The light is going, and everyone knows it.

Not all at once—just enough that the road stops feeling generous. Shadows stretch longer than they should, clinging to the low brush and the uneven rise of the land ahead. The trees crowd closer here, their branches knitting overhead in a way that turns dusk into something heavier.

"We could stop," Khalid offers, a little too carefully. "Make camp before it's fully dark."

Jaheira slows, considering the slope ahead, the way the road bends out of sight. "We're close enough to push through," she says at last. "Another hour, perhaps less."

No one argues. Not outright.

The decision settles anyway—momentum choosing for us.

Boots crunch on gravel. Packs shift.
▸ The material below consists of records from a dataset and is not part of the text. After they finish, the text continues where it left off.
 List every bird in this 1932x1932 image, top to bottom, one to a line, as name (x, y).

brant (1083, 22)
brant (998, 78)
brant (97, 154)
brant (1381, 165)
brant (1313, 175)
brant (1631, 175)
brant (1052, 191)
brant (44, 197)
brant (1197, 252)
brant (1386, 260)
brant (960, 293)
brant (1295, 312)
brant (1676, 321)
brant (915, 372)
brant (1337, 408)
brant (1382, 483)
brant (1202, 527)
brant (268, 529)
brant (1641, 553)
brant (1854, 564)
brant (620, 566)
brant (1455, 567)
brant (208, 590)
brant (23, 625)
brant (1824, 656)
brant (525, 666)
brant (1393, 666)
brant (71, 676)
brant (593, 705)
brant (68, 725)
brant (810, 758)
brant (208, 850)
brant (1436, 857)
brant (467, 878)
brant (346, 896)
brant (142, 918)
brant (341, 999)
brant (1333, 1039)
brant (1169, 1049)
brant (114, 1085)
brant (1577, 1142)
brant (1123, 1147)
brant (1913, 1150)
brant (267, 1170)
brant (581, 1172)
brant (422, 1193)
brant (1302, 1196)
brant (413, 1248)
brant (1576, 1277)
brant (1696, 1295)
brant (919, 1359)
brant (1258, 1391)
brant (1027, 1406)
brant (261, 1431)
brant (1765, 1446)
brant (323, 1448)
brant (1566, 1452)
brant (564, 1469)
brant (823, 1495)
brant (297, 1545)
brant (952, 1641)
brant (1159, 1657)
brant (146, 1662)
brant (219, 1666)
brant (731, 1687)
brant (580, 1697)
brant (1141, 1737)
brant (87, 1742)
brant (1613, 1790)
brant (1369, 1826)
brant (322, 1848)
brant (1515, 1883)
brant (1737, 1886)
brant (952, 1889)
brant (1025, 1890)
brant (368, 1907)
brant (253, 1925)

The road rises slightly, then narrows again, shrubs thickening along one side where the ground lifts just enough to break the line of sight.
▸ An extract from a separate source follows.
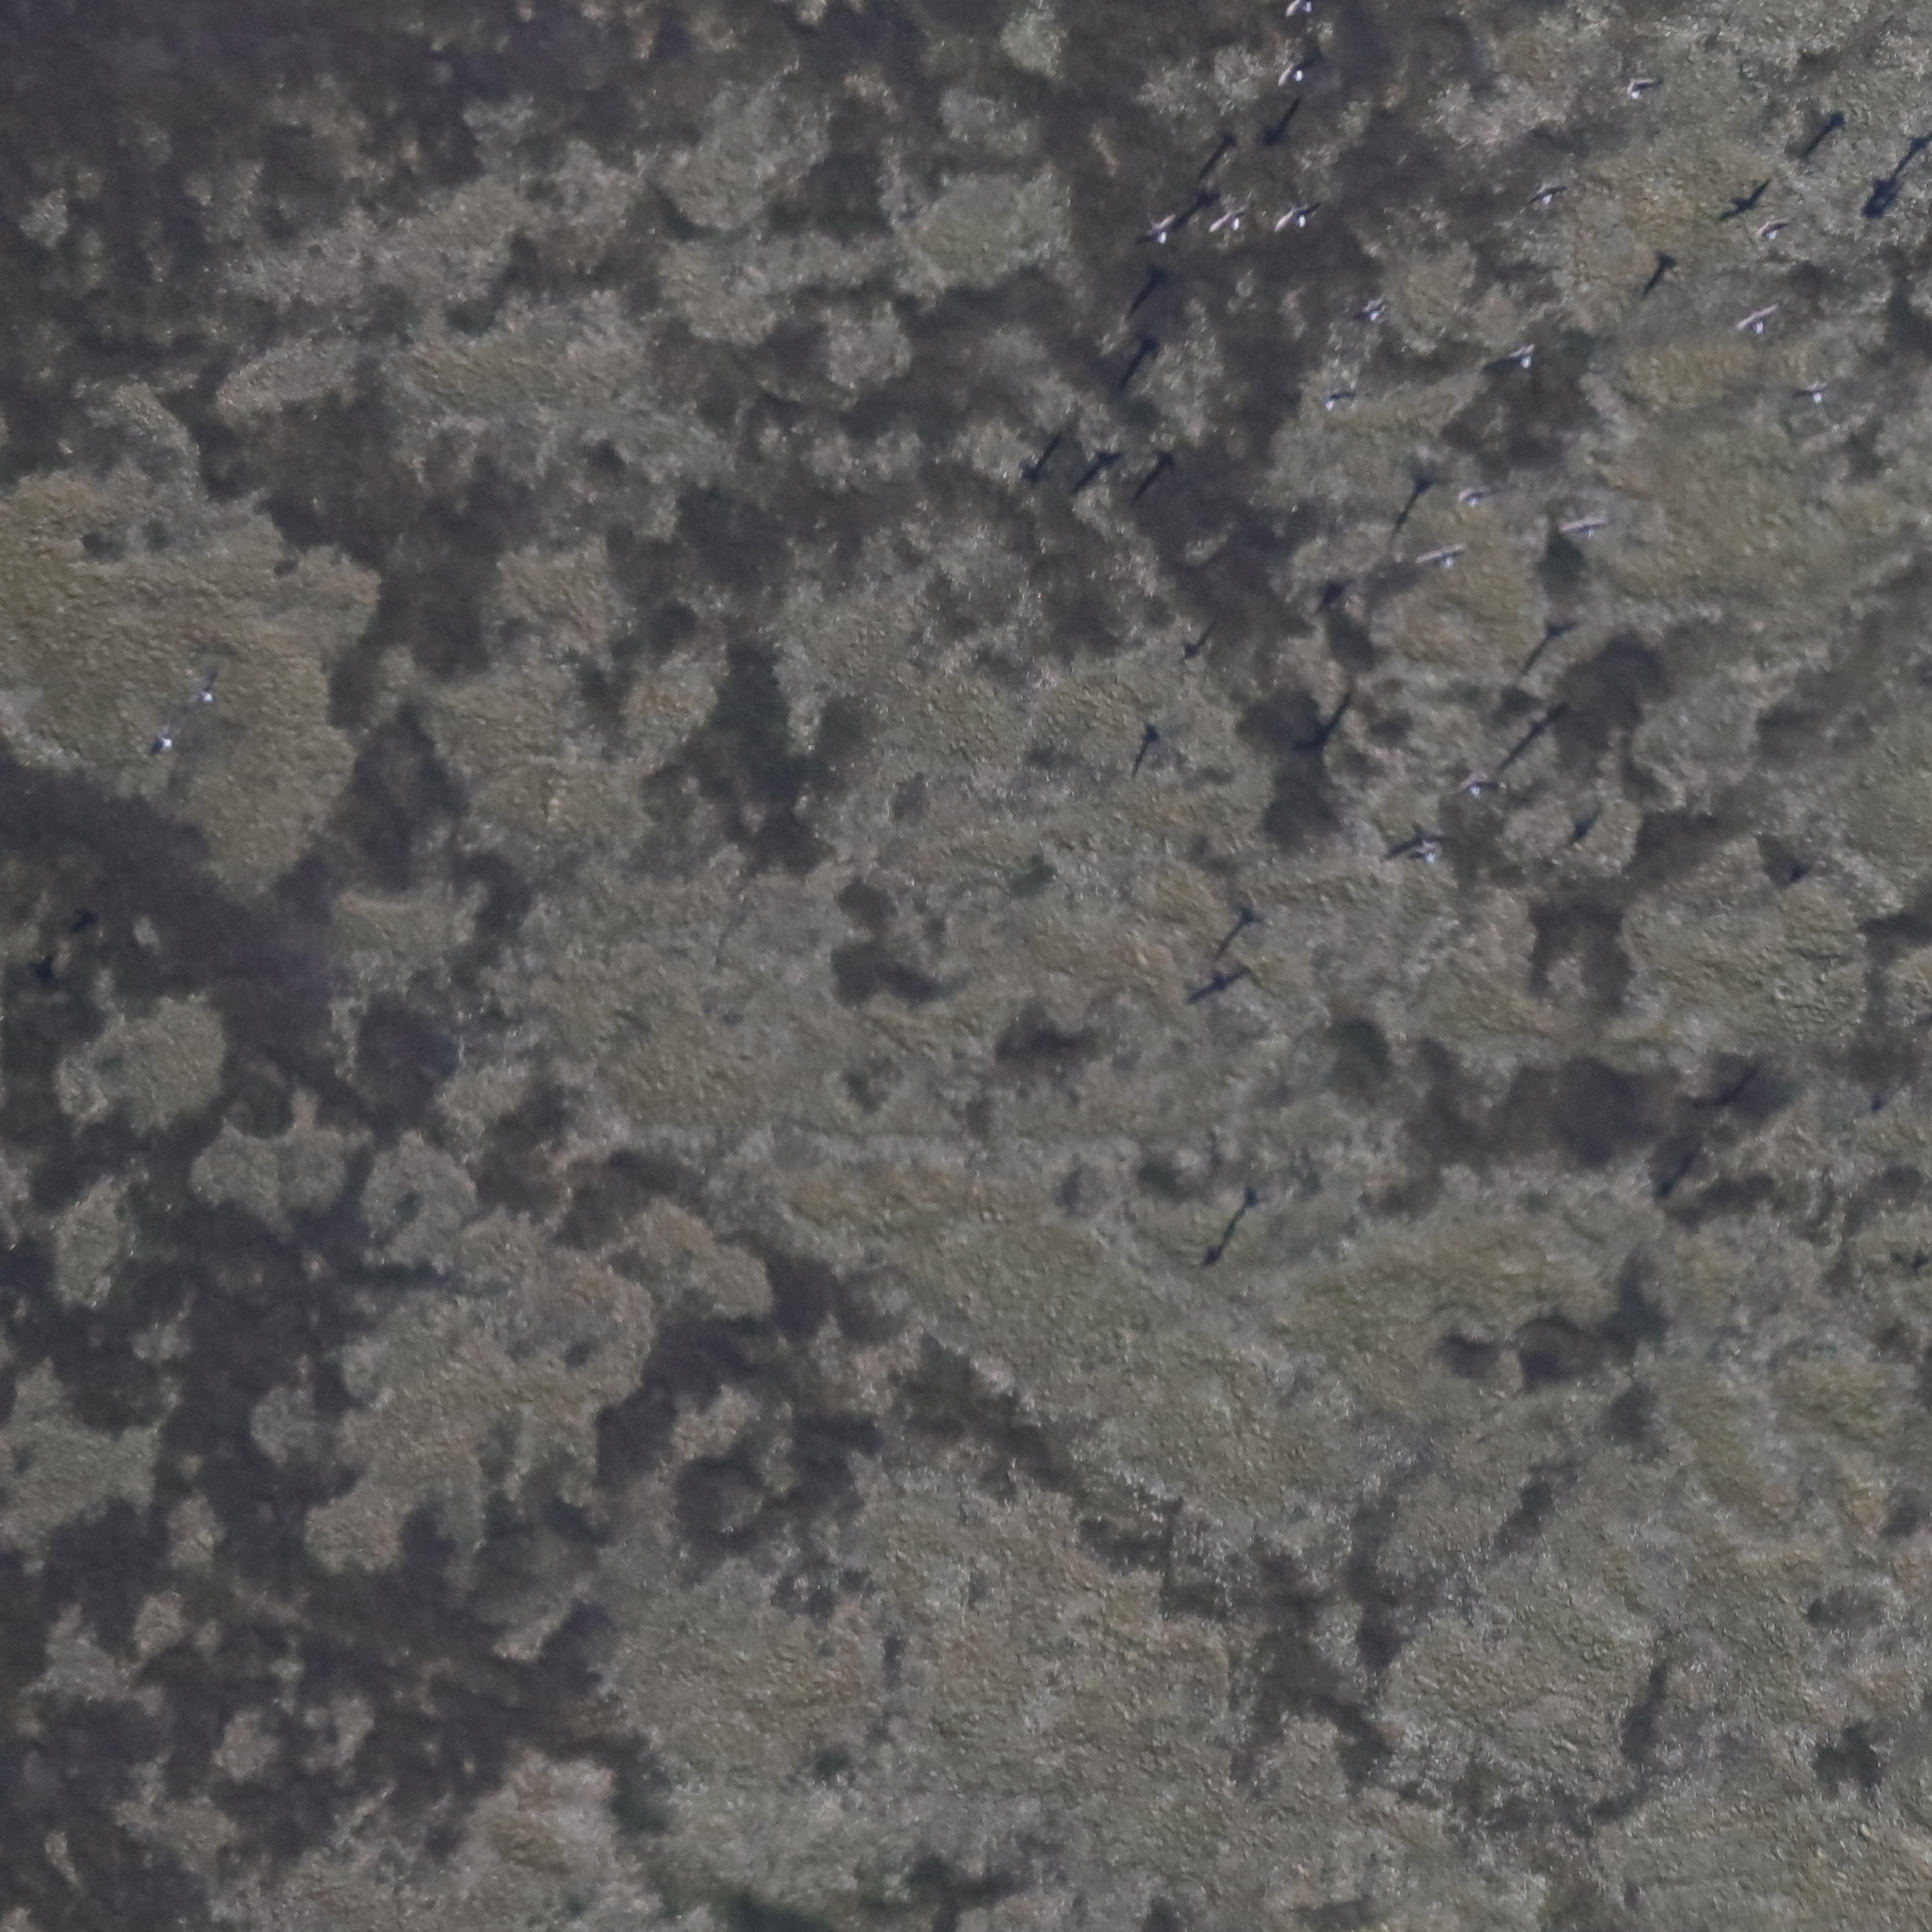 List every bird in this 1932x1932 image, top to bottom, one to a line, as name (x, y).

Behind me, Montaron snorts softly. "Most folk with sense would've stopped already."

Xzar hums beside him, unbothered. "Caution is unfashionable."

"Caution is expensive," Montaron replies. "Costs time. Comfort. Nerves."

Xzar's smile curls faintly. "And yet some seem willing to pay."

They walk in silence for a few steps.

"Still," Montaron adds, eyes flicking ahead, "some people move like they've made peace with trouble."

Xzar tilts his head. "You've noticed that too?"

"Hard not to." A pause. "Too disciplined to be aimless. Too restrained to be desperate."

Xzar's smile widens by a fraction. "Ah. The sort that serves an idea."

Montaron huffs quietly. "Ideas don't bleed. People do."

I don't turn around. I don't ask.

The road slopes again, shallow but persistent. Nashkel still isn't in sight.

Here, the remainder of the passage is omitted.